This brought a startled laugh from St. James and an answering guffaw from Lord Tempton. Ryan merely looked a good deal puzzled.
“Good God!” Bertie exclaimed. “A right odd one. Never thought any of those women had any feeling for the poor groom other than how deep his purse was and how they can go about spending it. I told you, St. James, how my cousin's new bride set about redecorating their London home and is insisting on an entire new wing being added to their country estate! T'is no wonder he is always at White's trying to get a little entertainment for his money before she manages to run through it all. And hardly married a year!”
“You act as though I should be shocked to hear it, Bertie, when you well know my feelings on the matrimonial state. Merely a business proposition, and there will always be one in the party left feeling that he or she did not get quite the bargain they deceived themselves into thinking they were getting,” the duke replied. “No, Squire, if I were you I would disabuse your daughter of such foolish notions, for no doubt, she would be getting a great deal less than what she thought also, and hence, they would be even.”
“By God!” Ryan interjected, sounding exasperated. “Whatever has happened to love?”
The other three in the salon turned to look at him, a great deal surprised. “Love?” Bertie asked. “Why, what in the world does that have to do with marriage?”
“Pshaw!” the Squire added. “Well and good for a young man fresh out of University to dream of such, but we're talking marriage, my boy. No place for it there, if a man is a wise man! Why, it's difficult enough to keep the wife in line without being besotted by her in the bargain.”
“They are quite right, young Ryan,” St. James added. “Love is best kept for those little indiscretions on the side. Much easier to be rid of the object of your passion once the passion has waned and you realize you really can not bear to look at the girl another moment. Can you imagine waking up feeling that way one morning and realizing she is your wife?” His slight frame shuddered at the thought. “No. Much better to go into marriage with someone pleasing enough that you can do your duty as a husband and procure heirs, but not in the least under illusions of love. Makes, I imagine, for a much better union than otherwise.”
“Listen to St. James, my brother,” Bertie waved a glass in the direction of the duke, who at the end of his words, had gotten up from his seat to open yet another bottle of brandy. “For he has escaped the clutches of anxious mama's and besotted young beauties for many years now.”
“But,” Ryan began, looking somewhat chastised, “I always believed it was because you had not found one yet that you truly loved.”
That brought a rude bark of laughter from St. James, one that made him spill onto his wrist some of the drink he was pouring. He put the bottle down, switched his glass to his other hand and raised his wrist to his mouth and licked the brandy from it before turning to Ryan.

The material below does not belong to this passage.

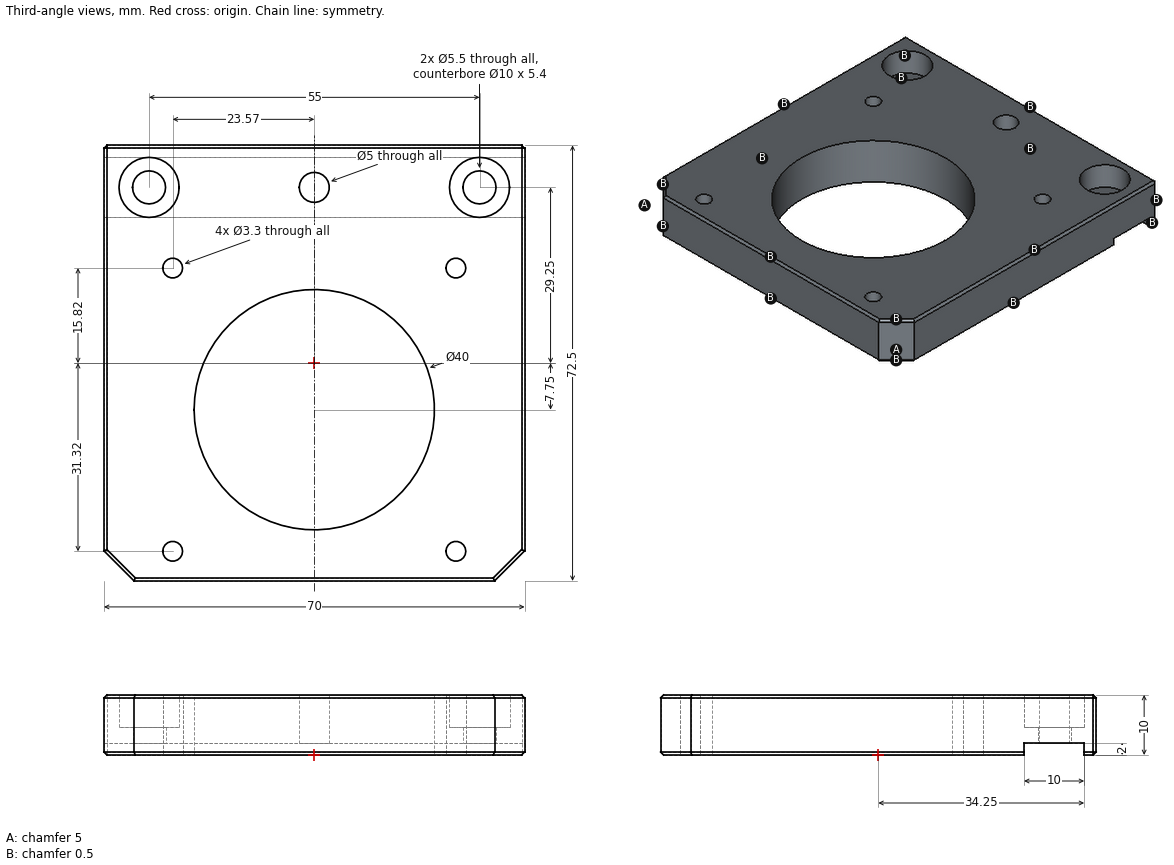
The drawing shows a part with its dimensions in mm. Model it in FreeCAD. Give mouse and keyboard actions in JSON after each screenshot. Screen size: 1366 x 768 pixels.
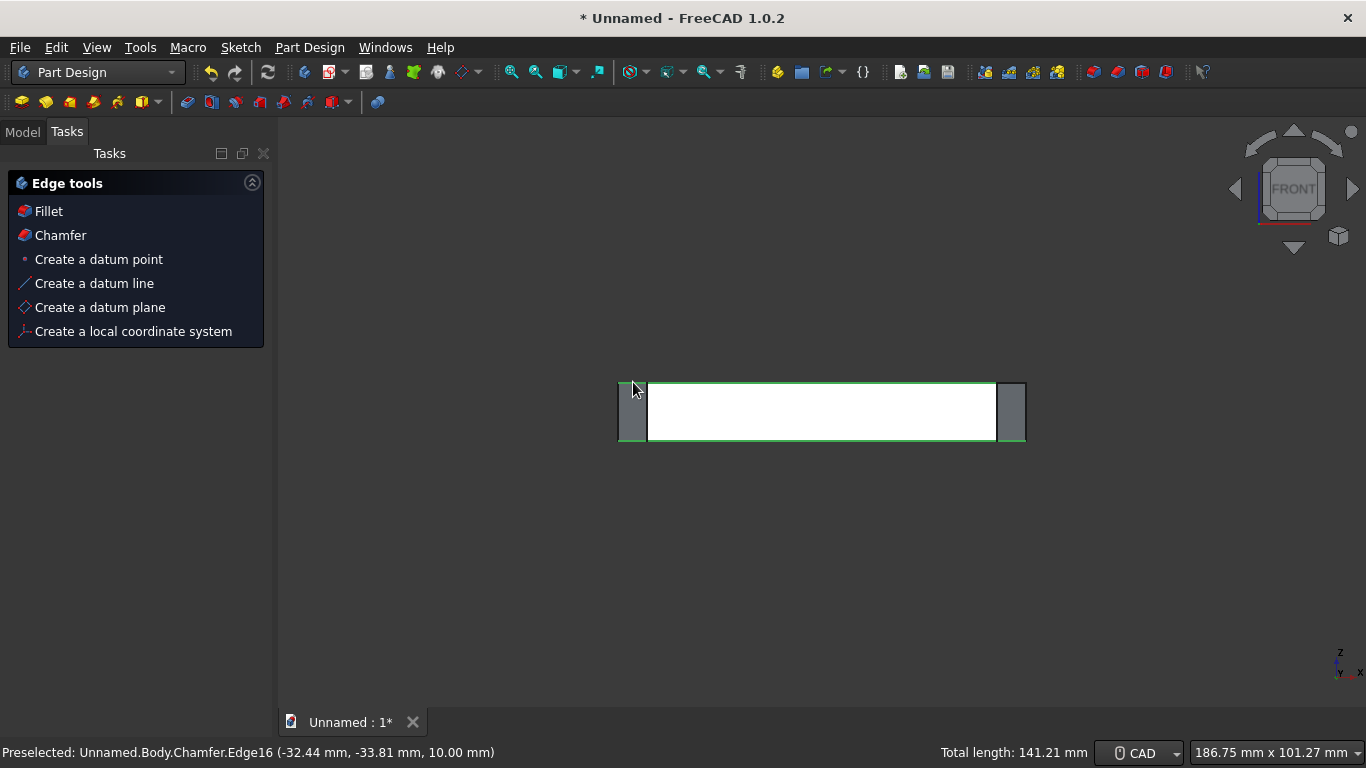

His eyes were dancing, or possibly it was just the fire from the grate reflecting in the gold of them. “You credit me with more feeling than I possess, I assure you, young Tempton. When I marry it will be for no other reason than that I have come to a point that I deem it desirable to do so. Any available baggage at hand will fit the bill then. I will not care what she looks like or behaves like, as long as she has enough intelligence to be a mother to my children.” He gave a deep frown before continuing. “Actually, I would require that she have rather more intelligence than usually found in our fairer sex, for it is quite possible, likely even, that she would have to watch over my estates and affairs until my heir was old enough to take care of what was his.”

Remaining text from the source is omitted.